We will leverage data science to identify neighborhoods that are not already crowded with Gyms/Fitness Studios. We will also look for areas without ANY Gym or Fitness Studios. The final analysis will provide the top location candidates, and a summary of the pros/cons of each locale.


## Data <a name="data"></a>

Given our problem described above, factors that will influence our decission are:
* number of existing Gyms or Fitness Studios located in a given neighborhood
* Popularity and relative "foot traffic" in each respective neighborhood

Following data sources will be needed to extract/generate the required information:
* Wikipedia page consisting of all Toronto-area neighborhoods
* Toronto neighborhood geocoding JSON to link neighborhoods to respective latitude and longitude coordinates.
* number of Gyms/Fitness Studios and their type and location in every neighborhood will be obtained using the Foursquare API.


## DataFrame #1: Toronoto Neighborhood Wikipedia Page

In [3]:
import pandas as pd

#get wiki page into a DataFrame
link = "https://en.wikipedia.org/wiki/List_of_postal_codes_of_Canada:_M"
df = pd.read_html(link)[0]

In [4]:
#remove "Not assigned" rows from [Borough]
toronto_neighborhoods = df[df["Borough"] != 'Not assigned']

#reset DataFrame index
toronto_neighborhoods.reset_index(drop=True, inplace=True)
toronto_neighborhoods.head(12)

Unnamed: 0,Postal Code,Borough,Neighborhood
0,M3A,North York,Parkwoods
1,M4A,North York,Victoria Village
2,M5A,Downtown Toronto,"Regent Park, Harbourfront"
3,M6A,North York,"Lawrence Manor, Lawrence Heights"
4,M7A,Downtown Toronto,"Queen's Park, Ontario Provincial Government"
5,M9A,Etobicoke,"Islington Avenue, Humber Valley Village"
6,M1B,Scarborough,"Malvern, Rouge"
7,M3B,North York,Don Mills
8,M4B,East York,"Parkview Hill, Woodbine Gardens"
9,M5B,Downtown Toronto,"Garden District, Ryerson"


In [5]:
# Shape of DataFrame
toronto_neighborhoods.shape

(103, 3)

# DataFrame #2: Add Neighborhood Coordinates

In [6]:
import pandas as pd

# Read in Geospatial csv
link='http://cocl.us/Geospatial_data'
coord=pd.read_csv(link)
coord.head()

Unnamed: 0,Postal Code,Latitude,Longitude
0,M1B,43.806686,-79.194353
1,M1C,43.784535,-79.160497
2,M1E,43.763573,-79.188711
3,M1G,43.770992,-79.216917
4,M1H,43.773136,-79.239476


In [7]:
#new DataFrame with coordinates added to Postal Codes
toronto_coord=toronto_neighborhoods.join(coord.set_index('Postal Code'), on='Postal Code')
toronto_coord.head(12)

Unnamed: 0,Postal Code,Borough,Neighborhood,Latitude,Longitude
0,M3A,North York,Parkwoods,43.753259,-79.329656
1,M4A,North York,Victoria Village,43.725882,-79.315572
2,M5A,Downtown Toronto,"Regent Park, Harbourfront",43.65426,-79.360636
3,M6A,North York,"Lawrence Manor, Lawrence Heights",43.718518,-79.464763
4,M7A,Downtown Toronto,"Queen's Park, Ontario Provincial Government",43.662301,-79.389494
5,M9A,Etobicoke,"Islington Avenue, Humber Valley Village",43.667856,-79.532242
6,M1B,Scarborough,"Malvern, Rouge",43.806686,-79.194353
7,M3B,North York,Don Mills,43.745906,-79.352188
8,M4B,East York,"Parkview Hill, Woodbine Gardens",43.706397,-79.309937
9,M5B,Downtown Toronto,"Garden District, Ryerson",43.657162,-79.378937


## Methodology <a name="methodology"></a>

Let us begin by identifying areas in Toronto that have low Gym / Fitness Center density. We are particularly interested in those with a low number of Gyms.

First, we collected the required data: location and category of every Gym / Fitness Center around Toronto via the Foursquare API.
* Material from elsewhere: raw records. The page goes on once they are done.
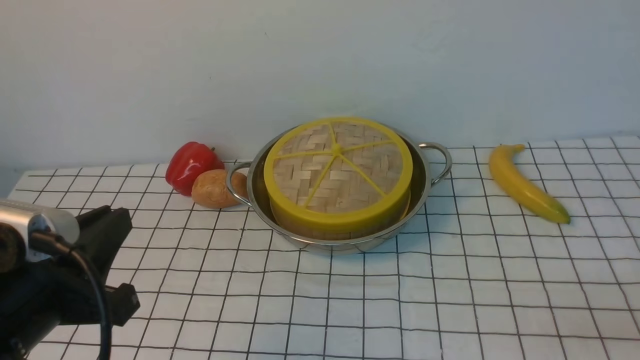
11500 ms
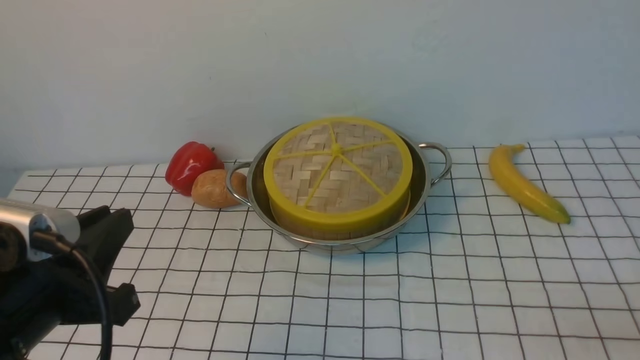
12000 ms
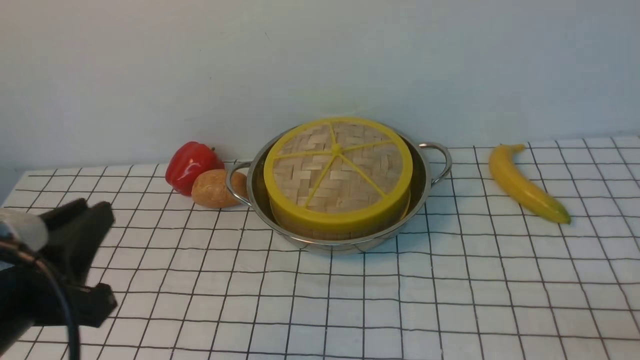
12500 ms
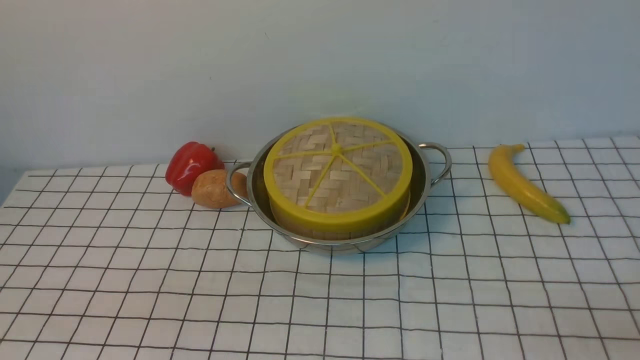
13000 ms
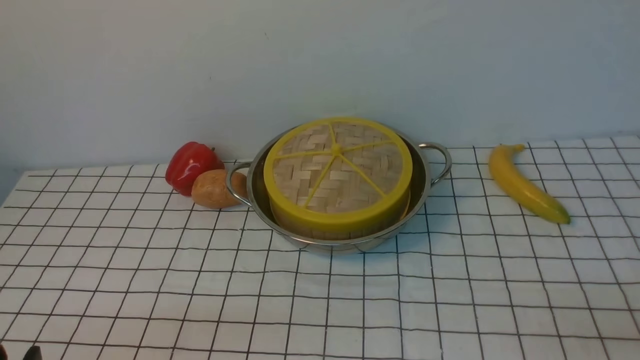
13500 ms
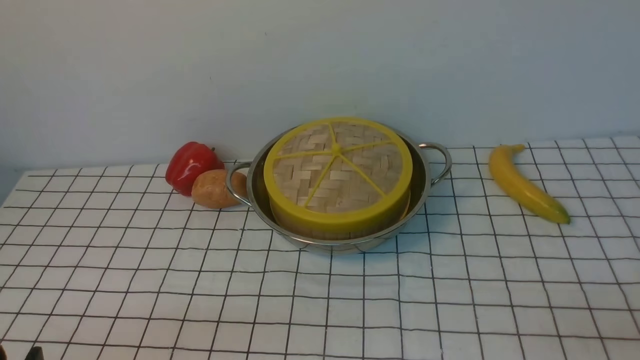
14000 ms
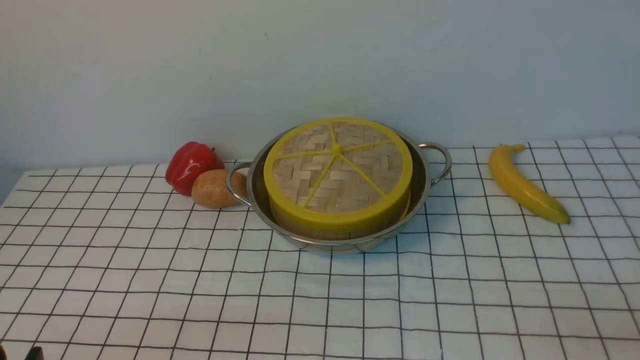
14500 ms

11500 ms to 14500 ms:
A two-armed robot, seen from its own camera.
Task of the whole recording: place the steamer in the pot on the white tablecloth, and put the lid on the steamer.
11500 ms to 13000 ms: The left gripper shifts about 5 cm backward.

Secondly, we will explore the geo-density of Gyms/Fitness Centers across different Toronto neighborhoods. We will leverage heatmaps to identify the neighborhoods with low number of fitness facilities and focus our attention on them.
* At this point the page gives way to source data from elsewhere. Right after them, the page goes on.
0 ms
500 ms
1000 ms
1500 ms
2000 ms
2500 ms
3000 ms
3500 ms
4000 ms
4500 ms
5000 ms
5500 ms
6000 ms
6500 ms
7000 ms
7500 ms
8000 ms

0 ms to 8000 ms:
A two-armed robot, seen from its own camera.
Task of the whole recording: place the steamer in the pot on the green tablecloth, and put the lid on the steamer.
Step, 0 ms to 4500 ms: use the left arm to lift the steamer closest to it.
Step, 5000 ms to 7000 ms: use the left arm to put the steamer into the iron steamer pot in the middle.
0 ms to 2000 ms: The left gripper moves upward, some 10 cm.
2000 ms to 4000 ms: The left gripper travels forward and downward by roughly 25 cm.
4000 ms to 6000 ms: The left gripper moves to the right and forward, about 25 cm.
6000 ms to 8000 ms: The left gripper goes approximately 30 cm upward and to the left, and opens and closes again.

We will then focus on the most promising locations and create clusters of locations that meet some basic requirements established in discussion with stakeholders: we will take into consideration locations with no more than one facility within a radius of 500 meters, and we want locations without fitness facilities in radius of 800 meters. We will present map of all such locations but also leverage k-means clustering to identify neighborhoods which should be a starting point for final exploration and search for optimal venue location by interested parties.

In [8]:
import json
import requests # library to handle requests
from pandas.io.json import json_normalize # tranform JSON file into a pandas dataframe
import numpy as np

# Matplotlib and associated plotting modules
import matplotlib.cm as cm
import matplotlib.colors as colors

# import k-means from clustering stage
from sklearn.cluster import KMeans

#!conda install -c conda-forge folium=0.5.0 --yes # uncomment this line if you haven't completed the Foursquare API lab
import folium # map rendering library

In [9]:
#Limit DataFrame to "Downtown Toronto" borough only
toronto_only = toronto_coord

### Function to get Venues near neighborhoods

In [10]:
def getNearbyVenues(names, latitudes, longitudes, radius=500):
    
    venues_list=[]
    for name, lat, lng in zip(names, latitudes, longitudes):
        print(name)
            
        # create the API request URL
        url = 'https://api.foursquare.com/v2/venues/explore?&client_id={}&client_secret={}&v={}&ll={},{}&radius={}&limit={}'.format(
            CLIENT_ID, 
            CLIENT_SECRET, 
            VERSION, 
            lat, 
            lng, 
            radius, 
            LIMIT)
            
        # make the GET request
        results = requests.get(url).json()["response"]['groups'][0]['items']
        
        # return only relevant information for each nearby venue
        venues_list.append([(
            name, 
            lat, 
            lng, 
            v['venue']['name'], 
            v['venue']['location']['lat'], 
            v['venue']['location']['lng'],  
            v['venue']['categories'][0]['name']) for v in results])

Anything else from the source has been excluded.